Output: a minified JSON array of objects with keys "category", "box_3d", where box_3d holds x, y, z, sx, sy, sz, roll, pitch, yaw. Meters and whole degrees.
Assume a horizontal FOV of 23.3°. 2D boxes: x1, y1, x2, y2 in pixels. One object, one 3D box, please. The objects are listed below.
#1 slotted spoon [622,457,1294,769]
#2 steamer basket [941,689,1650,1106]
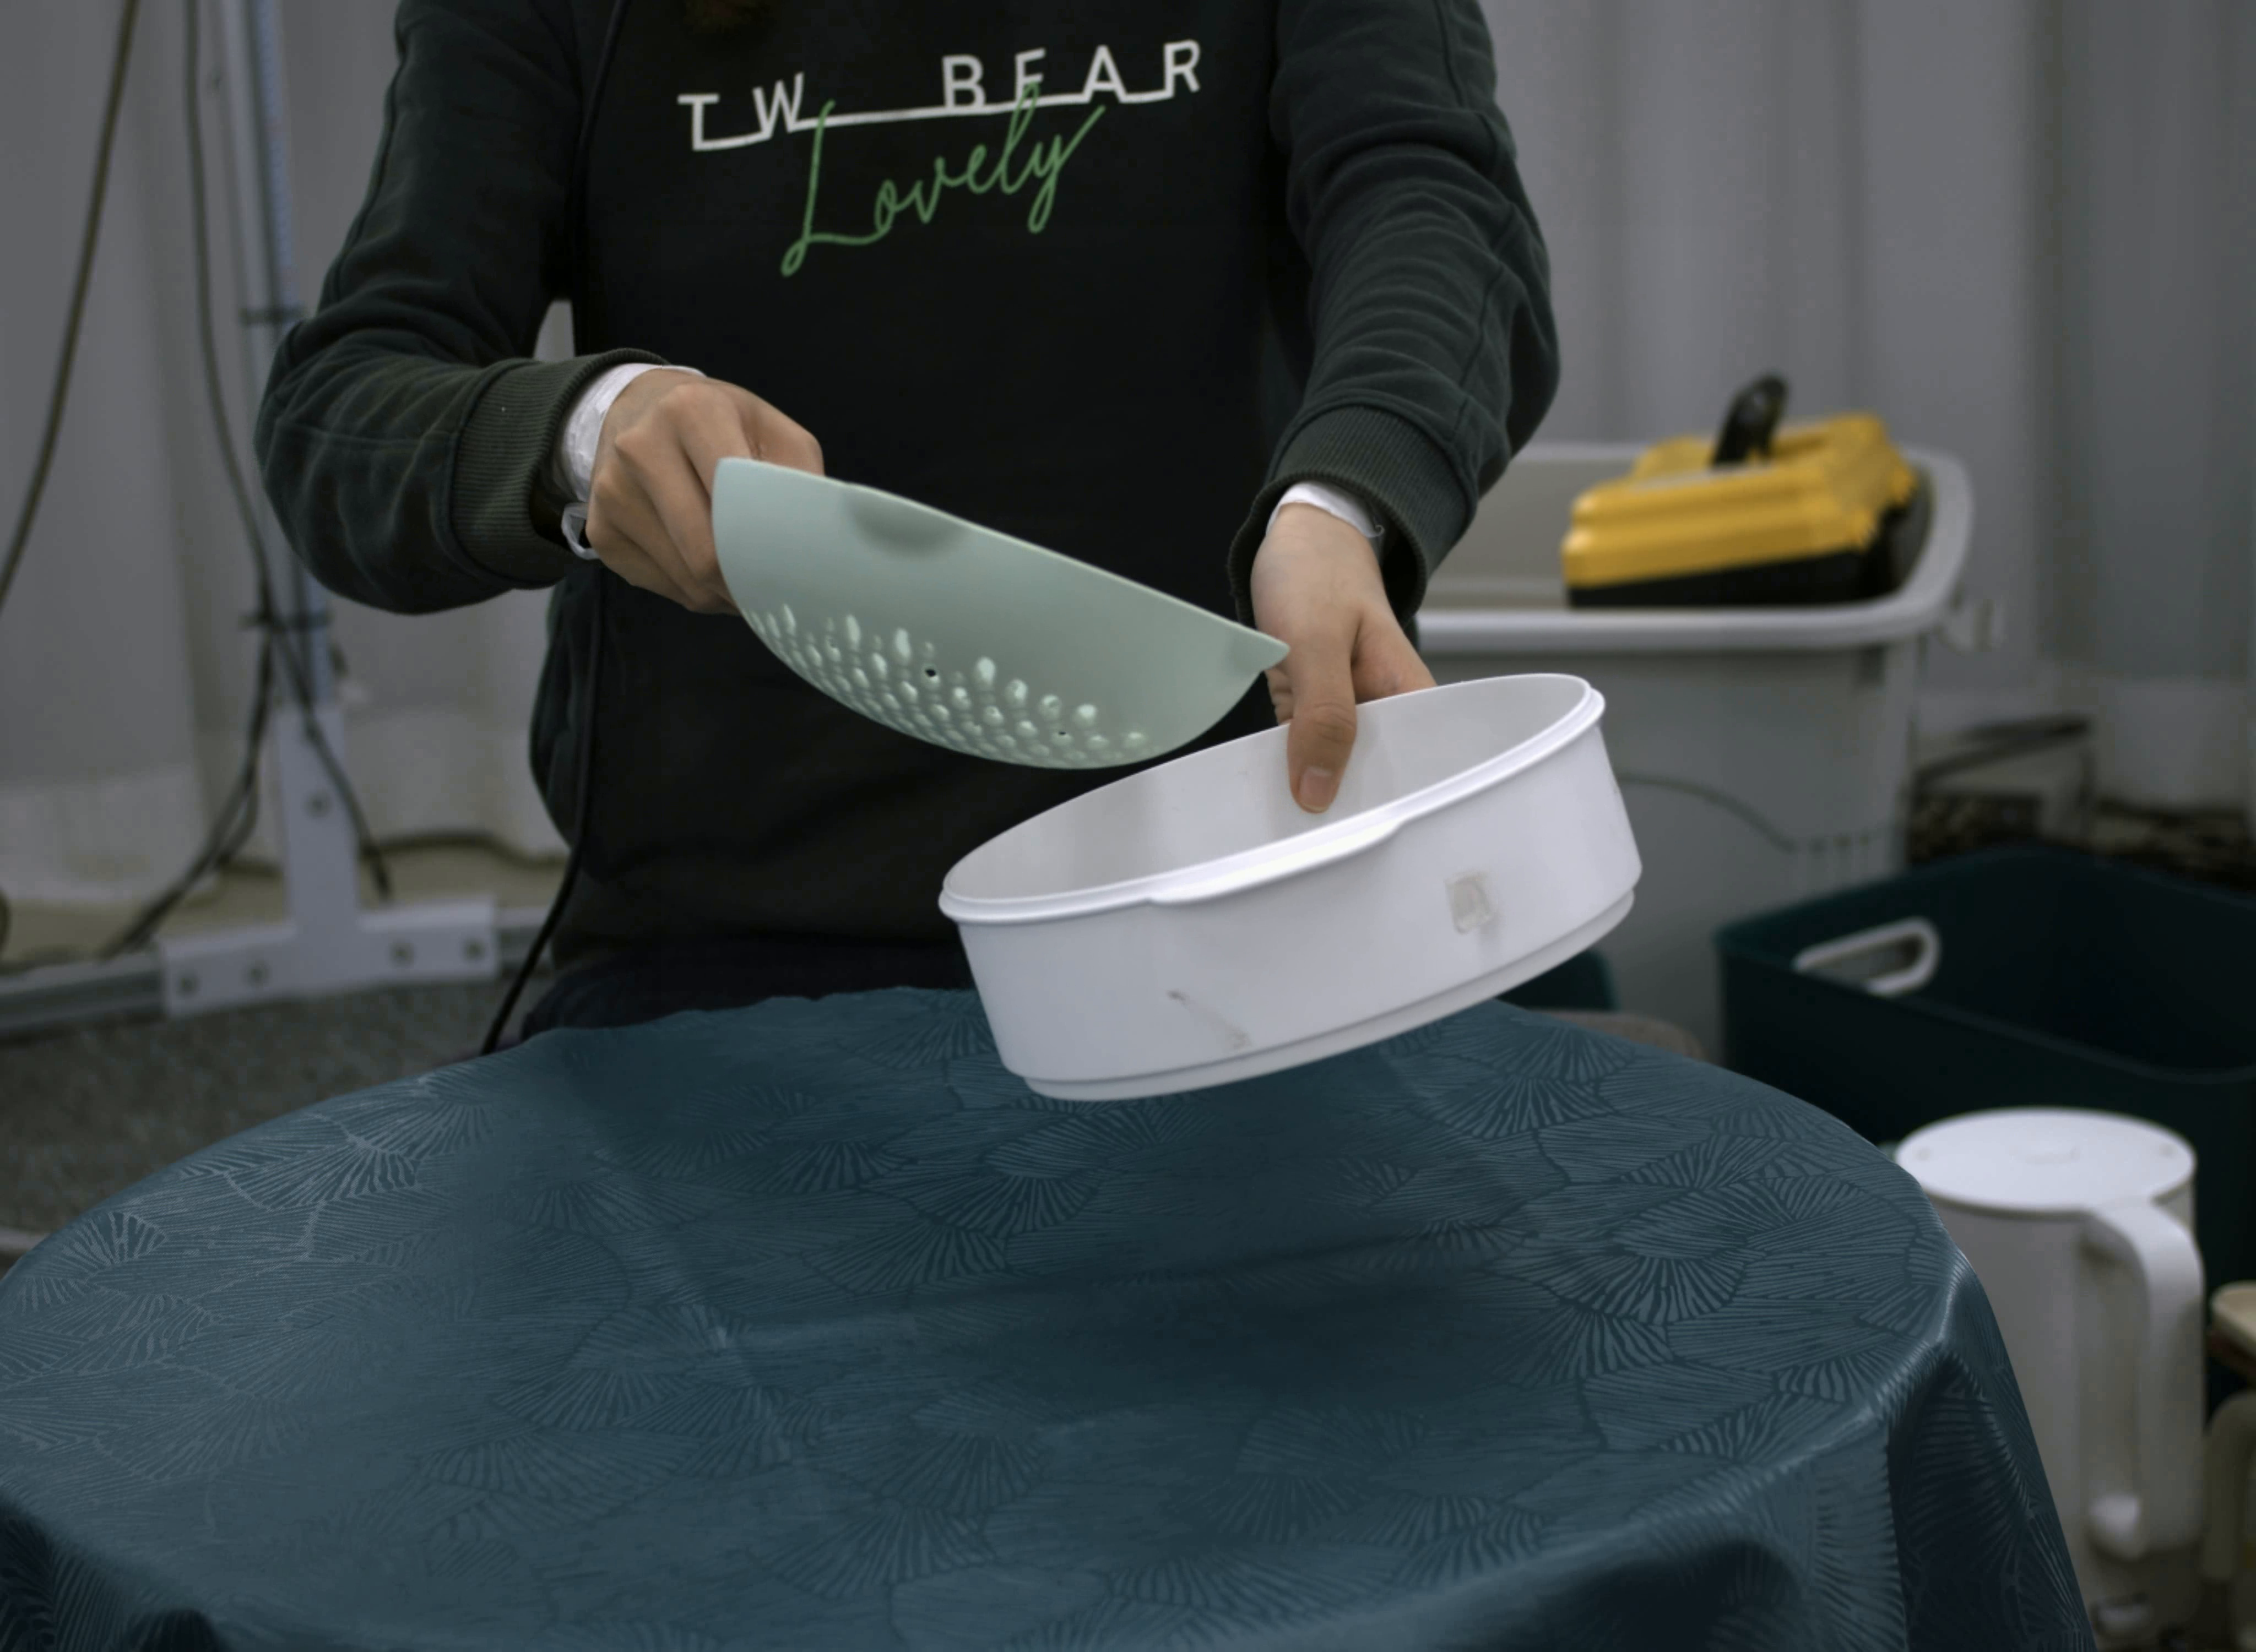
+++++
Your goal: The answer must consist solely of the lines from the one with "#1 slotted spoon [622,457,1294,769]" through the final line of the data, each reproduced exactly and with pictures omitted.

Solution for this problem:
#1 slotted spoon [622,457,1294,769]
#2 steamer basket [941,689,1650,1106]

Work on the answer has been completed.